Problem jeszcze jest jeden, czy ludzie chca idealny mmorpg czy poprostu tylko pisza ze chca, Vanguard oferuje bardzo duzo z tego co tu ludzie pisza, a jednak malo jest chetnych na gre gdzie mozna stracic kase, gdzie itemki na rowni zdobywa nolife i casual, gdzie trzeba wiecej pomyslec nad wszystkim.
WoW swoja prostota przyciaga miliony, to jest wzor do nasladowania i tak beda inne gry w przyszlosci robily bo wlasnie Vanguard pokazal ze ludzie maja gdzies to o czym pisza.
Warhammer zapewne duzo wezmie od WoW-a i dzieki temu mozna liczyc na duza jego popularnosc.
Ja nie wymagam wiele, na dzien dzisiejszy chce takiego WoW-a plus crafting i pvp z Vanguarda, tyle mi wystarczy :)

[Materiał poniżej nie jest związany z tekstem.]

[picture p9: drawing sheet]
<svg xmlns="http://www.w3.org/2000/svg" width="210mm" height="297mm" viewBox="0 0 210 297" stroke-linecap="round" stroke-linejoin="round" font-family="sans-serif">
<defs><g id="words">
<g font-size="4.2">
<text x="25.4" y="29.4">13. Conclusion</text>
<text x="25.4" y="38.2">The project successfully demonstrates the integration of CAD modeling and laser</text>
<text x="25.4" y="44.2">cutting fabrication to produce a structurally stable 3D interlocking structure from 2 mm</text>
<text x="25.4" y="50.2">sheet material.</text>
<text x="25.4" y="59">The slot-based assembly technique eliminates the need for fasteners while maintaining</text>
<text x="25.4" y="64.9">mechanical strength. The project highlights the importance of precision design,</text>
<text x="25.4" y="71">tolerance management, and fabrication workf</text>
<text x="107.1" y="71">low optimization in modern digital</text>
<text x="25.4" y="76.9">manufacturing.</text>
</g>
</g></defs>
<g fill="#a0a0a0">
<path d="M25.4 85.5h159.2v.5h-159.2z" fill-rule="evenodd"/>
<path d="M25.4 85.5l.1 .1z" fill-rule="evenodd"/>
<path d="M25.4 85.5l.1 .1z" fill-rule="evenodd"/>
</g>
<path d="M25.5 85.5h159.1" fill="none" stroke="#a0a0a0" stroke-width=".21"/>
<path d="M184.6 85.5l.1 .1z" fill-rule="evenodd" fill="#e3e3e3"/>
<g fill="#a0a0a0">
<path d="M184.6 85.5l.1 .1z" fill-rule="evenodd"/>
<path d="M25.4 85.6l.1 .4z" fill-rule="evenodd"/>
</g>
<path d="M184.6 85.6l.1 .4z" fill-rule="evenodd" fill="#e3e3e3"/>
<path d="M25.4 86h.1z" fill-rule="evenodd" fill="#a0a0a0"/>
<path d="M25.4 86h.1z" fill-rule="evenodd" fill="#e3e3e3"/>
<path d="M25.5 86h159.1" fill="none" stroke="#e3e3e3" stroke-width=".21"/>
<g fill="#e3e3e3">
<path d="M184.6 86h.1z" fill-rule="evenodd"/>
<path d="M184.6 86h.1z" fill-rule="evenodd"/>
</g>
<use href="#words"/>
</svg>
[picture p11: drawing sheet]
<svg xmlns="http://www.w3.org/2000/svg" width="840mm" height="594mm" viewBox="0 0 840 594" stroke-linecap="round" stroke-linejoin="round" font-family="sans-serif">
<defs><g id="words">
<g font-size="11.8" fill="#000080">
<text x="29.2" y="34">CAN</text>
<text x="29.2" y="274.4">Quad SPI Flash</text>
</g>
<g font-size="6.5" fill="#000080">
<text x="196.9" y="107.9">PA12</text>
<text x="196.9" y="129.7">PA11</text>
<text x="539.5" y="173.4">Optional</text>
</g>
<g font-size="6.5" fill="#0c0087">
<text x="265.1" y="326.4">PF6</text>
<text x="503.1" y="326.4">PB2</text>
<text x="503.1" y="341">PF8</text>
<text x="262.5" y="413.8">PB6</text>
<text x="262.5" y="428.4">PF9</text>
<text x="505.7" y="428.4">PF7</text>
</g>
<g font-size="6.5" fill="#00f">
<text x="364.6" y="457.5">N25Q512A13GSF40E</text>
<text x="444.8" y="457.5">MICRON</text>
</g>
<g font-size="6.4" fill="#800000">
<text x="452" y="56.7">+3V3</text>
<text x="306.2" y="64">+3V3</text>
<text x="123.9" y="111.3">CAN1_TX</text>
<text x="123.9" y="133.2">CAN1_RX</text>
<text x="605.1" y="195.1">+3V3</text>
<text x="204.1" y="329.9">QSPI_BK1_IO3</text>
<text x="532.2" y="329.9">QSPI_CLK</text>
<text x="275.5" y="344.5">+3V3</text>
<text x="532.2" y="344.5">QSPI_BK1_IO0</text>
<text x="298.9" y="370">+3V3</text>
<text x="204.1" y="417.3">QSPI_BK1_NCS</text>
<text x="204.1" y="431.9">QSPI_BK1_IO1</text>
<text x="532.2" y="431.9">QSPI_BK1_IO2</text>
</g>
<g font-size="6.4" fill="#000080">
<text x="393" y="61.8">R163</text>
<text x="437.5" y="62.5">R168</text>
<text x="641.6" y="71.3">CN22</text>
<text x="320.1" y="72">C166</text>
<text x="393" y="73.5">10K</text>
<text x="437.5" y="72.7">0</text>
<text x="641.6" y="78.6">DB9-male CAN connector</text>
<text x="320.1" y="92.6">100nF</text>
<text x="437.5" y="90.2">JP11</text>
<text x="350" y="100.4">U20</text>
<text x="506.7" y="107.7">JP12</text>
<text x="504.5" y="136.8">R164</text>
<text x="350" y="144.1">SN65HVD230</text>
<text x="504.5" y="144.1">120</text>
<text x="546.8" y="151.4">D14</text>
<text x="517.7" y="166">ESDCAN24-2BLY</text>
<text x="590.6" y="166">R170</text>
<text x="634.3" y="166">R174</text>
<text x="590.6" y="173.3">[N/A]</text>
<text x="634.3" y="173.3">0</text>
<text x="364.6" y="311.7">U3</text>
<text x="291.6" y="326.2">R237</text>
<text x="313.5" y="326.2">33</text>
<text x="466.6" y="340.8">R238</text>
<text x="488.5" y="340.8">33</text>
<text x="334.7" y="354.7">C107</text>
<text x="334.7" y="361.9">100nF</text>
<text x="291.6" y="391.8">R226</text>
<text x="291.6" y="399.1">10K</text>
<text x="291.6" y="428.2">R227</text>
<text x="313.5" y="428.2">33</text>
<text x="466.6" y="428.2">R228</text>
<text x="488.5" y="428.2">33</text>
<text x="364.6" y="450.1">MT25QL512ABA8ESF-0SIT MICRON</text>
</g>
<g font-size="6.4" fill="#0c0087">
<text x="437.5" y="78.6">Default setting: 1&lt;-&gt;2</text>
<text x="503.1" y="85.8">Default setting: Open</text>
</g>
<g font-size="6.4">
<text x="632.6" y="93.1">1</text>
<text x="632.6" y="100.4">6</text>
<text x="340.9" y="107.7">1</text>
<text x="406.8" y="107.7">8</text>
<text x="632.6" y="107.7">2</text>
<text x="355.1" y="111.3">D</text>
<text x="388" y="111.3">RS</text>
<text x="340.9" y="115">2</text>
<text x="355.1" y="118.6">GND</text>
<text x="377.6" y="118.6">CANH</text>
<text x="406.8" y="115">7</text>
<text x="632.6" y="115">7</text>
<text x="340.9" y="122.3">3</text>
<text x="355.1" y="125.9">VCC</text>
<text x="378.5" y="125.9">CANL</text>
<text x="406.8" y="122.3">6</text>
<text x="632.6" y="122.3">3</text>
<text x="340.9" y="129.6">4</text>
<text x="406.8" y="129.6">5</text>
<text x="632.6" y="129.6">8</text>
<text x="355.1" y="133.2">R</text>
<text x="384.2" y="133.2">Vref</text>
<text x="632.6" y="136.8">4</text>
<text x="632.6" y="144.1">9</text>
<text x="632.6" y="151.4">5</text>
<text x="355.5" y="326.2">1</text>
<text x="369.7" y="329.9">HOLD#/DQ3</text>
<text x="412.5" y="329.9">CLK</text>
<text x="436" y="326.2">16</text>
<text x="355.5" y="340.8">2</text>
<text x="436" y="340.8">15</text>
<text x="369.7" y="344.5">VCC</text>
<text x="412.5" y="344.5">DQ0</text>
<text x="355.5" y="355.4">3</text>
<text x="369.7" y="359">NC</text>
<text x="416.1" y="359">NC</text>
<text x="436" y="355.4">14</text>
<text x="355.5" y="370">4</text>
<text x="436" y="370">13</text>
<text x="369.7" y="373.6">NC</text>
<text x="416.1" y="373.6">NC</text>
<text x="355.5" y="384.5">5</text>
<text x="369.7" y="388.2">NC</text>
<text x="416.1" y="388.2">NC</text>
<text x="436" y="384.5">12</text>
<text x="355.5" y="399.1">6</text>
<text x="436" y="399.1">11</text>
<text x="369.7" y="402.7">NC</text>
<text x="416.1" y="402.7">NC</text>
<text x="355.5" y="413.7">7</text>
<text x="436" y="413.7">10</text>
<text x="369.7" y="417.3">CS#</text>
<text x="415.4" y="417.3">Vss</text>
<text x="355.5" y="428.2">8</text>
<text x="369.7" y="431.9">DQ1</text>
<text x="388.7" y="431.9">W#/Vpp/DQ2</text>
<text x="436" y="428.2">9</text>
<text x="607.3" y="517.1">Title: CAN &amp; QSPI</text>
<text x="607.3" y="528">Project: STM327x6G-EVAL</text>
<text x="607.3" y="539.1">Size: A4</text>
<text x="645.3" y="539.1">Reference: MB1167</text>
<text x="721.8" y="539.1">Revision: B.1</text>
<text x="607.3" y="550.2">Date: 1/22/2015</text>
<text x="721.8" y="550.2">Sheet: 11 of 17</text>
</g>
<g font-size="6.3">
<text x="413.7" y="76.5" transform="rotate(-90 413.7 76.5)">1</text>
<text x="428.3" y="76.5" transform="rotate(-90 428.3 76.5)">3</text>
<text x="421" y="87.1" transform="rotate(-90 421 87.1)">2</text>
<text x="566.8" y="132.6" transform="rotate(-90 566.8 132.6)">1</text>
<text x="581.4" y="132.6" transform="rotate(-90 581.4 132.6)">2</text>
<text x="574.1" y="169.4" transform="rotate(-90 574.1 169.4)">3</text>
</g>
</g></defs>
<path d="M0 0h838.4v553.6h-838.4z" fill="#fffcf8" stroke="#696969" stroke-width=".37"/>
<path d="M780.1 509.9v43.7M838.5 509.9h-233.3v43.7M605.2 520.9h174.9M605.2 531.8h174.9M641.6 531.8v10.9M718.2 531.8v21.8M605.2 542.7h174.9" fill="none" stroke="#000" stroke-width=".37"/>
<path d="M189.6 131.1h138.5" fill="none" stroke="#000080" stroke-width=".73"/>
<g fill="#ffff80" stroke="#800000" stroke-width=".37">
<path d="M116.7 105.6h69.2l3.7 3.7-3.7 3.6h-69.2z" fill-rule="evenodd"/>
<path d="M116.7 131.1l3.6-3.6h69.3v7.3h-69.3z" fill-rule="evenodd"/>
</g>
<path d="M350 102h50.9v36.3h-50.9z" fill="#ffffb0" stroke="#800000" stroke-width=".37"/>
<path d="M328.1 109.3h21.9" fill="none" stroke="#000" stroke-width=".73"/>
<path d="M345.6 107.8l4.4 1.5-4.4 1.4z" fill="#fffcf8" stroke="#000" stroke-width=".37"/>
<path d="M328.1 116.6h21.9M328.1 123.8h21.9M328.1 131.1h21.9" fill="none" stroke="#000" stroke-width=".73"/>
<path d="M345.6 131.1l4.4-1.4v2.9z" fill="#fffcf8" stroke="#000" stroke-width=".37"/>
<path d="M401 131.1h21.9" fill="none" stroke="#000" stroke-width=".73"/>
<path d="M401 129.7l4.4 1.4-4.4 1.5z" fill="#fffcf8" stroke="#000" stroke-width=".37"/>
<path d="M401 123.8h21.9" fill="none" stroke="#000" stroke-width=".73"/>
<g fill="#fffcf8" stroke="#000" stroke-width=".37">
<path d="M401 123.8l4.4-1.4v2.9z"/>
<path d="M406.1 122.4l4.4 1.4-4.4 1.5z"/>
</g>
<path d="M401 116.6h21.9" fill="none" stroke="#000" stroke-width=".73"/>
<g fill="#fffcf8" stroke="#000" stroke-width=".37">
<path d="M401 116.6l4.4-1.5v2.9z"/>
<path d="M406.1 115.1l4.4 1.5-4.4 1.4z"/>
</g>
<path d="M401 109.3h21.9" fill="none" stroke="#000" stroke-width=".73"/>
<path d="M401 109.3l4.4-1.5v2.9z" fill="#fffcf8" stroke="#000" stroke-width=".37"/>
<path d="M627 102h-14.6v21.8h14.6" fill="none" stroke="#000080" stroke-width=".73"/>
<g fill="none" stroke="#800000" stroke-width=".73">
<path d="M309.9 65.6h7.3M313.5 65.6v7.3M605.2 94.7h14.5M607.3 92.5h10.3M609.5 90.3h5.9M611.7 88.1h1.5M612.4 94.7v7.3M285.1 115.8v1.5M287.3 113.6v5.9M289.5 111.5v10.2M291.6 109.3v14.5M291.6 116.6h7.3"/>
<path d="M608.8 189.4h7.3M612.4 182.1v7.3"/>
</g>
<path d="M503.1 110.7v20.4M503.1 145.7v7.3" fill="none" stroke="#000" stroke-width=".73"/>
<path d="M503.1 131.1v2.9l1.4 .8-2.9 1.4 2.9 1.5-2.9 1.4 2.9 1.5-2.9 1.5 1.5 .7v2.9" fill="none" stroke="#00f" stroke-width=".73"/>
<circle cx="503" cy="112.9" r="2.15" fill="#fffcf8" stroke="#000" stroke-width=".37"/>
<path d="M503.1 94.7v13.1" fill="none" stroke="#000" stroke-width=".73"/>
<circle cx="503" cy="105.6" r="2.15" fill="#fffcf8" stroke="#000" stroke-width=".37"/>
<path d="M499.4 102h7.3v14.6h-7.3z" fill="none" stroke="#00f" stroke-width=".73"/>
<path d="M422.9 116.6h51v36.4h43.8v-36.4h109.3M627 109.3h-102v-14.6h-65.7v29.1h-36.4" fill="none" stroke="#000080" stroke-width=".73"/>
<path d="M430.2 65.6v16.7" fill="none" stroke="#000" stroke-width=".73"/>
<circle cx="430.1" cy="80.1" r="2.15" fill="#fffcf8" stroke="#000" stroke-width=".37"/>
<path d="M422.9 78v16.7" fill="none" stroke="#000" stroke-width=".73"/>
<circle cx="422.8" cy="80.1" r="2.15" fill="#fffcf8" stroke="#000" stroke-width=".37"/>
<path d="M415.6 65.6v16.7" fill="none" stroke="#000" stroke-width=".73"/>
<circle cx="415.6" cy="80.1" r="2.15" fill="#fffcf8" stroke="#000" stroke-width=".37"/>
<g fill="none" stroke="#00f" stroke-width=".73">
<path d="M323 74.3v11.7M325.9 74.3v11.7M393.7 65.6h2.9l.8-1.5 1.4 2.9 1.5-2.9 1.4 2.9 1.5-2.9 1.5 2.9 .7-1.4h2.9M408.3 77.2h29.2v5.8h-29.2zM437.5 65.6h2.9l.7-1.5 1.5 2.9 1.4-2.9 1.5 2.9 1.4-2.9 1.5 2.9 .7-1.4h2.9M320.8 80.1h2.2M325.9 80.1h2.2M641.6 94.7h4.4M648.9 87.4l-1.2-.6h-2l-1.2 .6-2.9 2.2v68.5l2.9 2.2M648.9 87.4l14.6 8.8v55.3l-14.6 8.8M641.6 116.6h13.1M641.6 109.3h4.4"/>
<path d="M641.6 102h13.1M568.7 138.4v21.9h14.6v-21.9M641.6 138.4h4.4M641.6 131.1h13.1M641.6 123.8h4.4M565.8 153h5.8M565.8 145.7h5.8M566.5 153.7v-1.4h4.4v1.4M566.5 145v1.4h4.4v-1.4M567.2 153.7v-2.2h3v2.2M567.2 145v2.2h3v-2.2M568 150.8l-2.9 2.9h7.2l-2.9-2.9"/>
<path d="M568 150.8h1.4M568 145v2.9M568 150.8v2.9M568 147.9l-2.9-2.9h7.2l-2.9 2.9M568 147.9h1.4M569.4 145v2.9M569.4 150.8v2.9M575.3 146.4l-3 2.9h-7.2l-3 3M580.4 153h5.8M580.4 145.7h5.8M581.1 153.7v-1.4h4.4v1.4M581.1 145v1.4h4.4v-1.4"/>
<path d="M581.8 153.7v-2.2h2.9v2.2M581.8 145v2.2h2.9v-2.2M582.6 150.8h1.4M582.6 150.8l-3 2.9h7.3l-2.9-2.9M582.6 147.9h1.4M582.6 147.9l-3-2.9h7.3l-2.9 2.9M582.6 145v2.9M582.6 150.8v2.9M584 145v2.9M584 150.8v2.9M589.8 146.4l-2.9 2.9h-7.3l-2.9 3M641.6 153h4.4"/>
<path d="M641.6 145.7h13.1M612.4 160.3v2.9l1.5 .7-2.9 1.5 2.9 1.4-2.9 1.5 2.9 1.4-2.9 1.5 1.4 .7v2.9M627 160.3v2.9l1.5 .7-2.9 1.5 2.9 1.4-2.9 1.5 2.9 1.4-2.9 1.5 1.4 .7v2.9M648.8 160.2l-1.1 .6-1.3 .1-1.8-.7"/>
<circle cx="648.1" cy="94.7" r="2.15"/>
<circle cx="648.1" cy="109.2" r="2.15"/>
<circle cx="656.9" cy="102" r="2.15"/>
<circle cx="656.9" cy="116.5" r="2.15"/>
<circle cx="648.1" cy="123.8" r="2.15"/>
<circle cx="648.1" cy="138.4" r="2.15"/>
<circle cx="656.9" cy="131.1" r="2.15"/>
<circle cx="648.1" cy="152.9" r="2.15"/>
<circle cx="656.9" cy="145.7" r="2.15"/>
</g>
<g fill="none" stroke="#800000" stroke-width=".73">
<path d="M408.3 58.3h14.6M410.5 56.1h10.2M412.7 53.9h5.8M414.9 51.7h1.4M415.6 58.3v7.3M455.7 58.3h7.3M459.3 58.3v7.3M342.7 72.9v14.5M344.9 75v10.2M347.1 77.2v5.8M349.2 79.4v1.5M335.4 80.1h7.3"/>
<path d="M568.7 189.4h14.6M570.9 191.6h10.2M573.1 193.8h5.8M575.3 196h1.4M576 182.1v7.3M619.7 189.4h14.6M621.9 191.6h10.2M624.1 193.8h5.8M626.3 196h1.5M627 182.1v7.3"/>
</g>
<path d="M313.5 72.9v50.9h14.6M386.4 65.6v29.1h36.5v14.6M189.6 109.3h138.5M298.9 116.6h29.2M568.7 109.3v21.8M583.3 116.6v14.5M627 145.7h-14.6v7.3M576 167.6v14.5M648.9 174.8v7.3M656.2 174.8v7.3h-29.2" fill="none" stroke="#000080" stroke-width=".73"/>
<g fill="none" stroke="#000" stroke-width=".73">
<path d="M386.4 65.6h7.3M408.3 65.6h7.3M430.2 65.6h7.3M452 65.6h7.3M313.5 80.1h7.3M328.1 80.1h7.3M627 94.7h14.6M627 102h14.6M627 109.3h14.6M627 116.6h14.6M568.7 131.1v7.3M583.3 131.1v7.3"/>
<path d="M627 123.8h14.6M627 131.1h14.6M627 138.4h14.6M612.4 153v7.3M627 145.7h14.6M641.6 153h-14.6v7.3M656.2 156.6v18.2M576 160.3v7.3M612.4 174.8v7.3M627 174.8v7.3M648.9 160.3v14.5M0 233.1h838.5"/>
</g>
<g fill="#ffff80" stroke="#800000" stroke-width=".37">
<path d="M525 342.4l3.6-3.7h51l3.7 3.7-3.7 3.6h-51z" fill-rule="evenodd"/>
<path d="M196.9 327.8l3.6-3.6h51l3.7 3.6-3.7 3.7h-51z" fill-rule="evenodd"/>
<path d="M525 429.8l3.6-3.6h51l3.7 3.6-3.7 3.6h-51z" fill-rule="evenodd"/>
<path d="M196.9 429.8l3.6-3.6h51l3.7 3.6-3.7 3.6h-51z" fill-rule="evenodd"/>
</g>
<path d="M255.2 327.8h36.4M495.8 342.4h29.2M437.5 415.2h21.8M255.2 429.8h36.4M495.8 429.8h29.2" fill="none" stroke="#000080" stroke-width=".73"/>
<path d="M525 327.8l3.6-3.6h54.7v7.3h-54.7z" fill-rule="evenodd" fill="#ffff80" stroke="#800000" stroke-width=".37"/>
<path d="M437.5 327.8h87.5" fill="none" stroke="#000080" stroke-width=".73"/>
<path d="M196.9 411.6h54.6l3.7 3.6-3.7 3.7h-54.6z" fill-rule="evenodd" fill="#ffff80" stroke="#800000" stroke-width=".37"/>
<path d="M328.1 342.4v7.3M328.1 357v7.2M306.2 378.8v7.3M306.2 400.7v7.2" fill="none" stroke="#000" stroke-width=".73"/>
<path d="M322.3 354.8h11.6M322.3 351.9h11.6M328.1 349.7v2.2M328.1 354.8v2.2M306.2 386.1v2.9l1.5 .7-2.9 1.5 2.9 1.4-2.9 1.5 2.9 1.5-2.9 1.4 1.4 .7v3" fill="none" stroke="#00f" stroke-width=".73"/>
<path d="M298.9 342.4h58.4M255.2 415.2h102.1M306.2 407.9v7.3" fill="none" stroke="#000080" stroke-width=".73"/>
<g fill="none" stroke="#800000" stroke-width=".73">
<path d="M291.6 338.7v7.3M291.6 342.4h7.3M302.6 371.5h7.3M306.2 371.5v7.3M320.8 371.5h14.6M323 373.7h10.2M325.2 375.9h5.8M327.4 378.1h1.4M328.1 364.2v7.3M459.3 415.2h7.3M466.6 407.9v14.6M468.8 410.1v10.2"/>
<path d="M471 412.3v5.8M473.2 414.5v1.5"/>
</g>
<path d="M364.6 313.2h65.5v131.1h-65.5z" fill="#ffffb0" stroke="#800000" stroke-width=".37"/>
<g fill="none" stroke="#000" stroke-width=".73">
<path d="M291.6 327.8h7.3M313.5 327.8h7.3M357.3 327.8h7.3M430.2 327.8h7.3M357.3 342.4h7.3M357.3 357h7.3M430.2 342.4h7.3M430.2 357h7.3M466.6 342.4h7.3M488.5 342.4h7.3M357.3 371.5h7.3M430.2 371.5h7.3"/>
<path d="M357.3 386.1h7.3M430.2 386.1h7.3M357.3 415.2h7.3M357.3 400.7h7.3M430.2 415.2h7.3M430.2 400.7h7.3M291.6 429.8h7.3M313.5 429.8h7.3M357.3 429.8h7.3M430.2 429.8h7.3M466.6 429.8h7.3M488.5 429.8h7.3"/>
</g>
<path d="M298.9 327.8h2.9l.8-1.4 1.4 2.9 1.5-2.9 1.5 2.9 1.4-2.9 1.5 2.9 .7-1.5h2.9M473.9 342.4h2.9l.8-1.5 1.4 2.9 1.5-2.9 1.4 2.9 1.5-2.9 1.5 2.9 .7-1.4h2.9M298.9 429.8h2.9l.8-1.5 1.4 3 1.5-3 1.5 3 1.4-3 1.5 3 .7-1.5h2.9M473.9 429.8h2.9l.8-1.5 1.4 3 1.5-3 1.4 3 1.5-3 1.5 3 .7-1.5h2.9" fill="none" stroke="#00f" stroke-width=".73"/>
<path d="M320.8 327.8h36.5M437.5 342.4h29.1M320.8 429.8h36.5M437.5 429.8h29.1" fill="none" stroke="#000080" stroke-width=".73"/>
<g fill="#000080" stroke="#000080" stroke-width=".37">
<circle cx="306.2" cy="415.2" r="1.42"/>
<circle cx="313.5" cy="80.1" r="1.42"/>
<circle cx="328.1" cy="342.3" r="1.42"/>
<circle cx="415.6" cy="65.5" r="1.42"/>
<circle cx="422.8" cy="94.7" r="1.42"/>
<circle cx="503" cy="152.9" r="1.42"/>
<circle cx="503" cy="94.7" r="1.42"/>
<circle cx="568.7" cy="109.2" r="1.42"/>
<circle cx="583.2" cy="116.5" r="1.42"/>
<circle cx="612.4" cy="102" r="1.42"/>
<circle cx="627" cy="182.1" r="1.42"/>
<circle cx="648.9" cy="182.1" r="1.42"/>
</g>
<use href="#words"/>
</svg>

Autor:  kozas15 [ 20 maja 2007, 15:04 ]
Tytuł: 

embe napisał(a):
Problem jeszcze jest jeden, czy ludzie chca idealny mmorpg czy poprostu tylko pisza ze chca, Vanguard oferuje bardzo duzo z tego co tu ludzie pisza, a jednak malo jest chetnych na gre gdzie mozna stracic kase, gdzie itemki na rowni zdobywa nolife i casual, gdzie trzeba wiecej pomyslec nad wszystkim.


I ktory ma przystepne wymagania sprzetowe ^^

Autor:  Drusek [ 20 maja 2007, 15:15 ]
Tytuł: 

Mark24 napisał(a):
Watek do zamkniecia - nie ma i nigdy nie bedzie czegos takiego jak mmo idealne ;)


Połączenie:
mud typu Arkadia/Barsawia (system walki, pve, pvp, lootu, rozwoju postaci, expa, umiejetnosci, rpga, i co tam jeszcze zapomnialem) + dobra/bardzo dobra grafika = mmorpg idealny :D

Autor:  Mark24 [ 20 maja 2007, 15:33 ]
Tytuł: 

Jeszcze słówko o trudnosci/łatwosci mmorpg.

Eve jest uwazana za grę trudna, bo ma skomplikowany interfejs, nie ma tam znanego doskonale wszystkim systemu WSAD, czy point_click_to_go. Jest całkiem cos nowego i tego interfejsu kazdy musi sie nauczyc. Nie jest to w zadnym stopniu intuicyjne.
WoW ma bardzo intyuicyjny interfejs i kazdy kto gral wczesniej w jakakolwiek inna gre komputerowa znajdzie tu podobienstwa.

Potrzebujemy kilku dni by poznac interfejs eve i przestac sie w nim gubic.
Potem mechanika eve jest znacznie prostsza niz mechanika WoW-a. Nie wiem jak gra sie teraz ale 1.5 roku temu 40 osób ze mna włącznie przez ponad miesiac zgrywalo taktyke by pokonac Ragnarosa. W eve targetujesz cel, odpalasz dziala i idziesz na fajke (jak palisz, jak nie to czytasz ksiazke, ogladasz tv) - w kazdym przypadku robisz dokladnie to samo.
Potem ludziska na chacie w Eve pisza, ze wieje nudą - owszem wieje i to czasami dosyc ostro. Brak supportu dla walki w grupie tylko te powiewy wzmacnia.

Straszne modne stalo sie najezdzanie na WoW-a i pisanie ze ta gra jest prosta. A co bylo trudniejszego w EQ, EQ2, AO, FFXI, RYL, SWG, etc? Nic?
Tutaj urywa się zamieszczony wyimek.